Tiffany McComsey (University of Manchester)
‘I am not here to ‘solve’ ‘problems’’: examining re-development practices in Redfern and Waterloo
‘If you really want to get to know the community then you need to spend time in it, do some volunteer work.’
‘So is it ok if I come in tomorrow, say in the morning, 9ish?’
‘Yeah, that’s fine we’ll be here.’
‘We never thought you would really stick around. You came one day and never left! So many students say they want to volunteer and start but then just don’t come back, you never see them again.’
The experience of being a ‘volunteer’ in the community – including work in organisations, help at events, and support in children and youth activities – were ways in which I became involved in the community. These experiences were, to varying degrees, interconnected in the discourses and practices surrounding the re-development of Redfern and Waterloo, and specifically the redevelopment as it related to the ‘Aboriginal Community.’ The constant circulation of ‘what do we have here’, ‘what is the problem’ ‘what can be done’ and ‘what is the future’ defined a level of social interaction which intermingled with an other ‘reality’, where time, space being and meaning worked differently. This paper will work around the notion of volunteering during fieldwork – in order to give back to the community while it shares with you what it wants – and how re-development practices in terms of social being creates a hidden voice repeatedly asking ‘how can you solve this problem?’

Nic Peterson (ANU) - Other people’s lives: cultural transitions and moral dilemmas

The question I will address here is whether anthropologists have anything to contribute to policy directed at helping Aboriginal people improve their circumstances, and if so whether there are limitations on the nature of their contribution.  This is, of course, a very different question from whether anthropology as a discipline has any useful and distinctive insights into the present situation, its origins and regional variation. I will contrast the positions of anthropologists with rightward leanings versus those with leftwards leanings to explore the moral dilemmas posed for both by when speaking to the improvement of the Indigenous condition and how these vary with the audience they are addressing.

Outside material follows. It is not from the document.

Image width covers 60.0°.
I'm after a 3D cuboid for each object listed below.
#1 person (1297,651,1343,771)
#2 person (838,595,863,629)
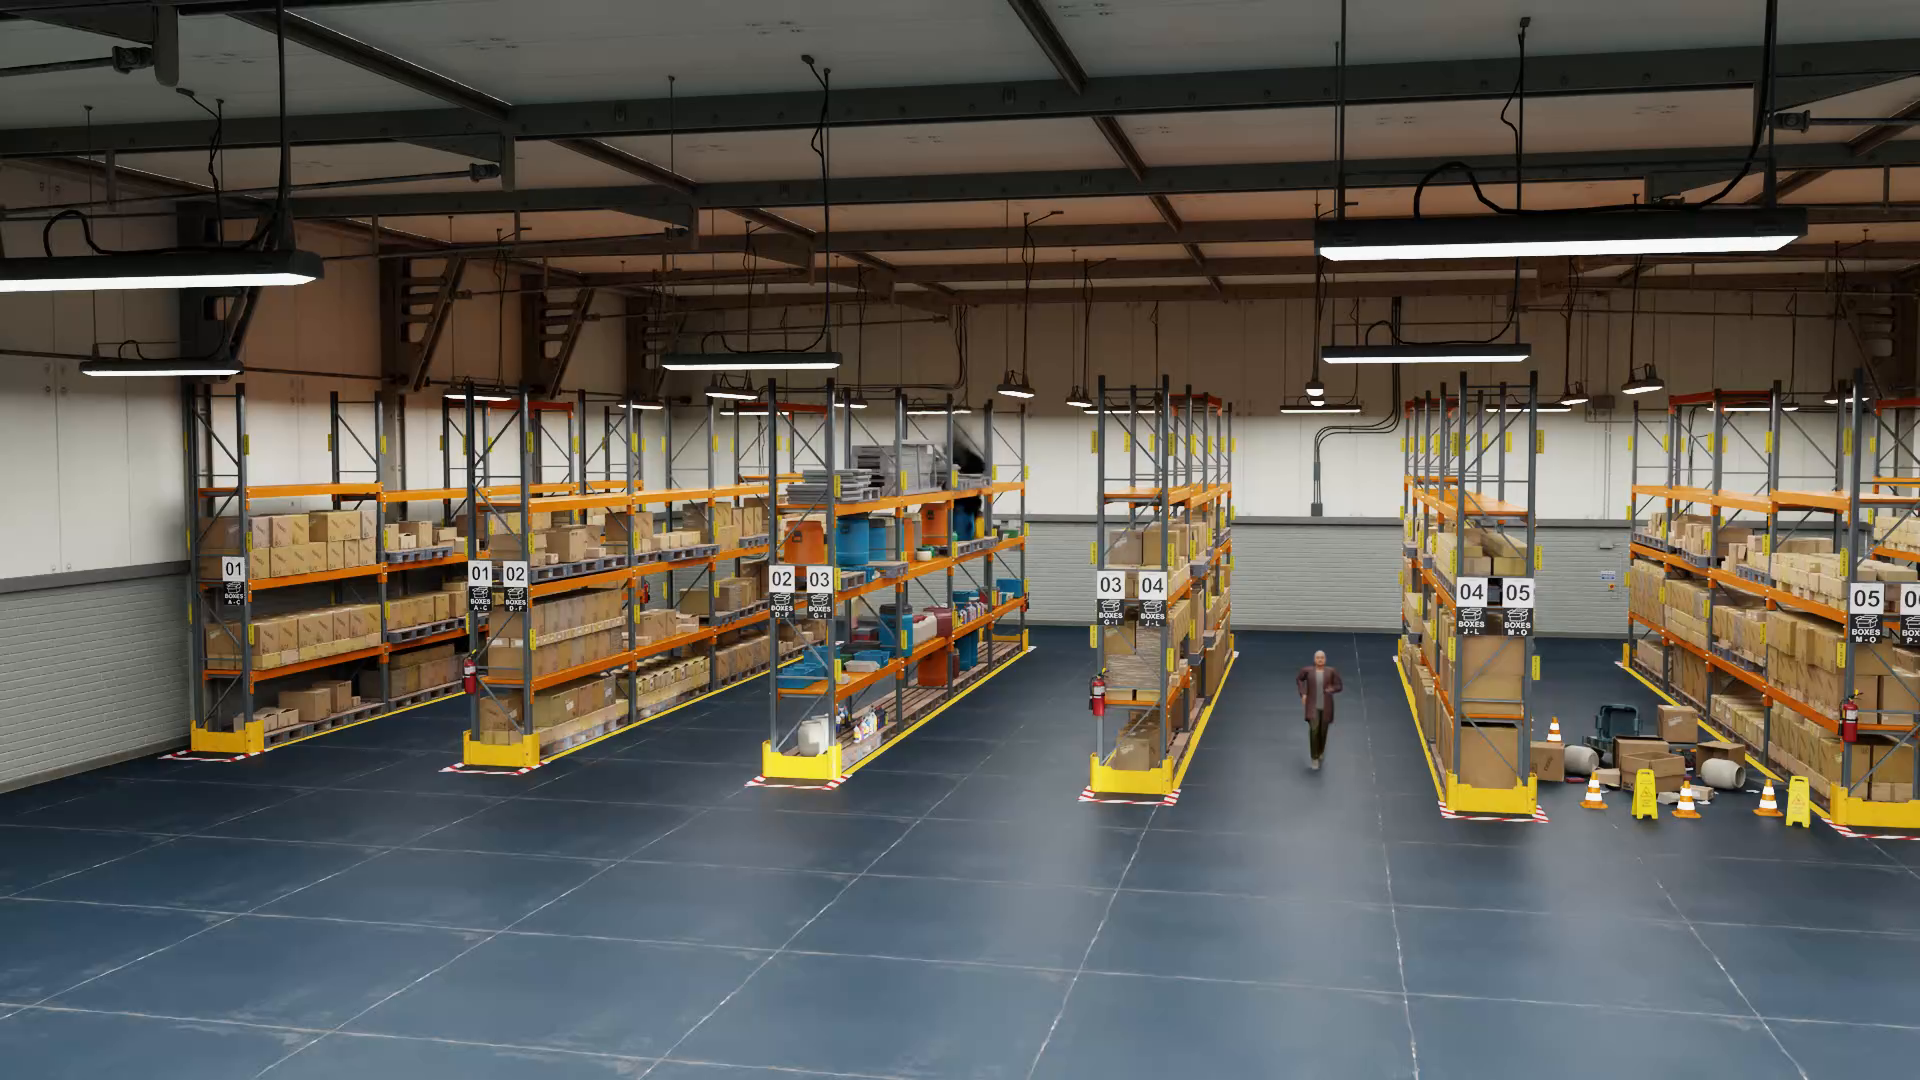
[{"bbox_3d":[5.612,2.636,25.942,0.689,1.839,0.853,0,3,7],"label":"person"},{"bbox_3d":[-2.485,1.794,37.691,0.543,1.775,0.698,0,3,4],"label":"person"}]

Anthony Redmond (VRF, CAEPR) - “Sex, shame and violence: anthropological understanding and the sexual abuse issue in the Kimberley and beyond”.

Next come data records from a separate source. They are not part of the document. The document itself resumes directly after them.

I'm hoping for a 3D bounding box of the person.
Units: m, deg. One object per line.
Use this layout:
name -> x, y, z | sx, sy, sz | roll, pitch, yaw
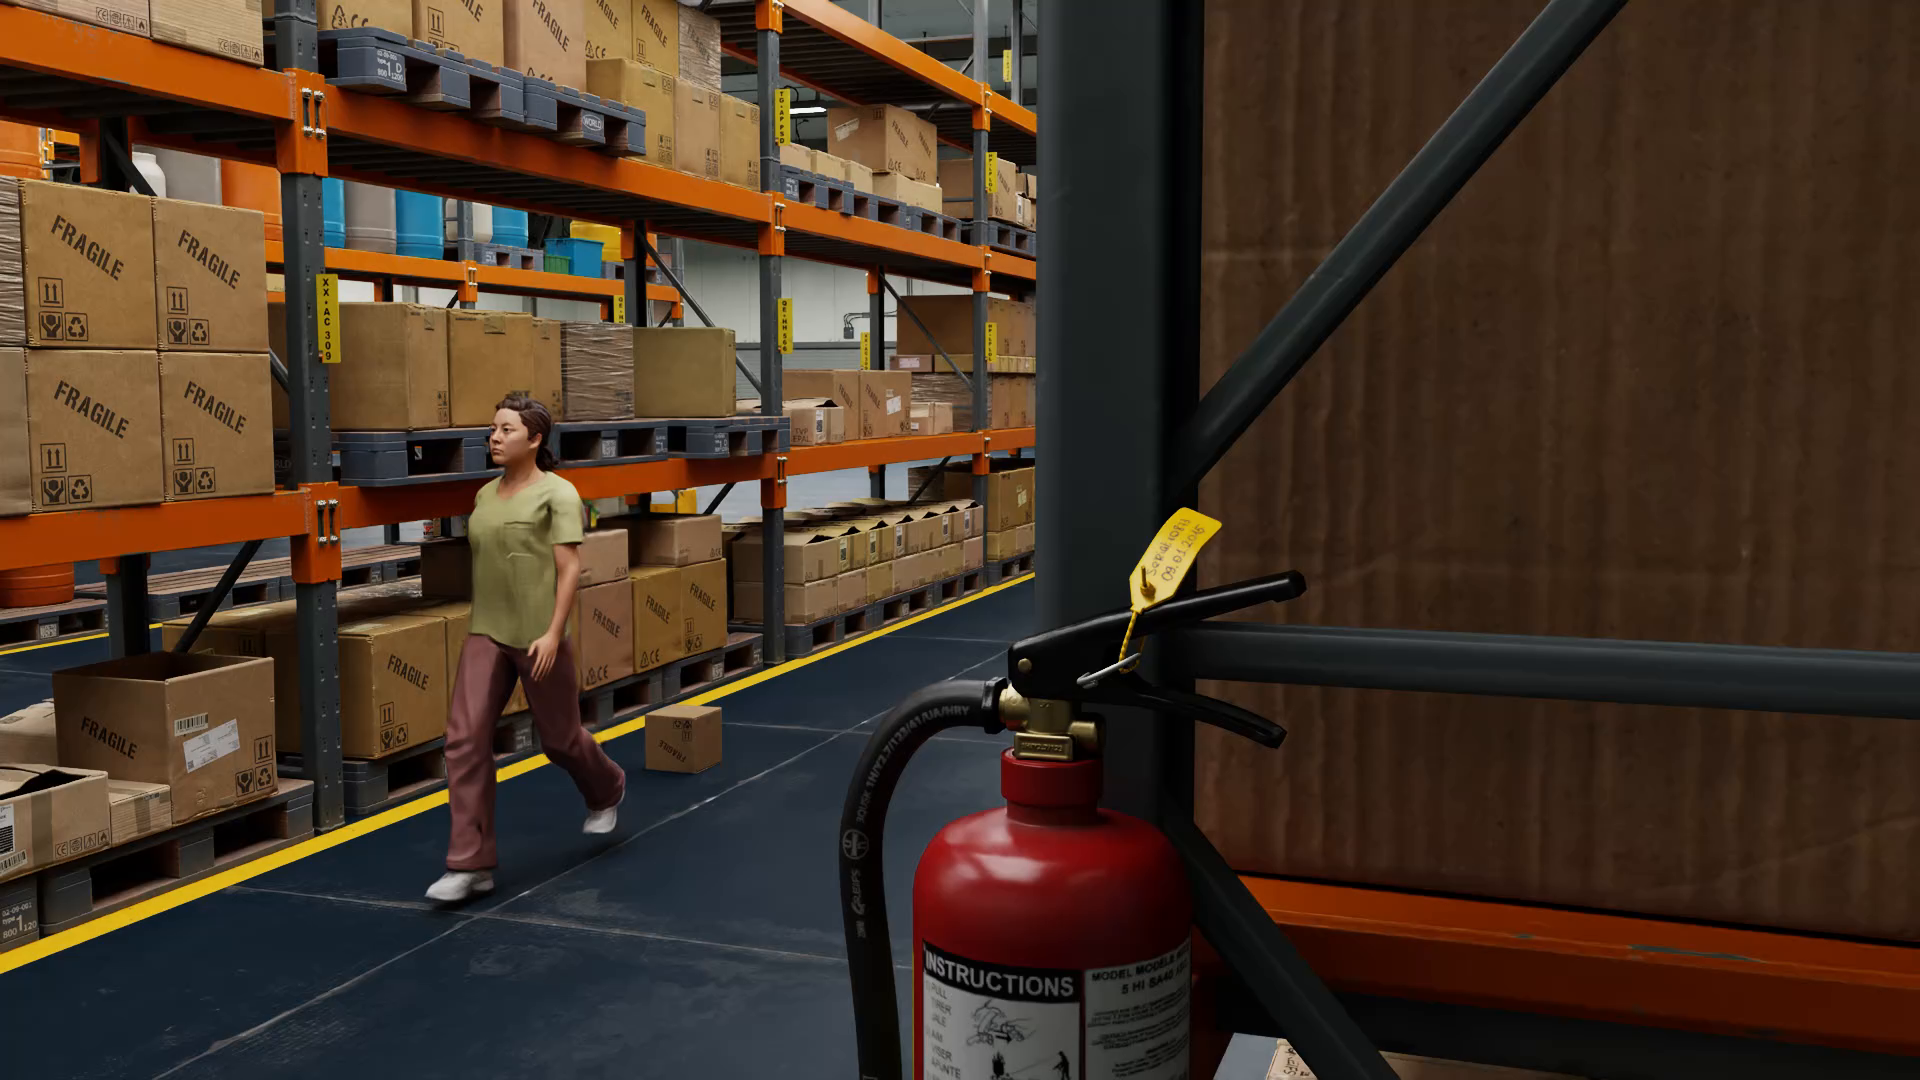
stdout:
person -> -1.467, 0.329, 5.643 | 0.442, 1.629, 0.983 | 2, 6, 17

The federal government’s recent military interventions in indigenous communities in northern Australia have been publicly rationalized as stemming from the government’s duty of care to protect children and women from abusive indigenous adult men. The public responses from many professionals working in the field have mostly been confined to a real politik critique of the military intervention as “land-grab” and the related issue of chronic under-funding of indigenous community infrastructure.  The rare appearances of genuine anthropological knowledge in the public debates surrounding this issue have been mostly second-hand references from public intellectuals such as Robert Manne (2007) and Noel Pearson ( 2006,2007 ) and the playwright, Louis Nowra (2005). A few years ago, Roy Wagner (2001) suggested that anthropologists are constantly “playing chicken with the culture concept”, and anthropology’s culturally relativising methodology has never been quite so tentatively applied as to this fraught issue. In this paper I venture beyond a liberal-economic critique of the sexual abuse furore by drawing together some contemporary indigenous interpretations of the intervention with some of the existing ethnography on sexuality and violence in Aboriginal Australia.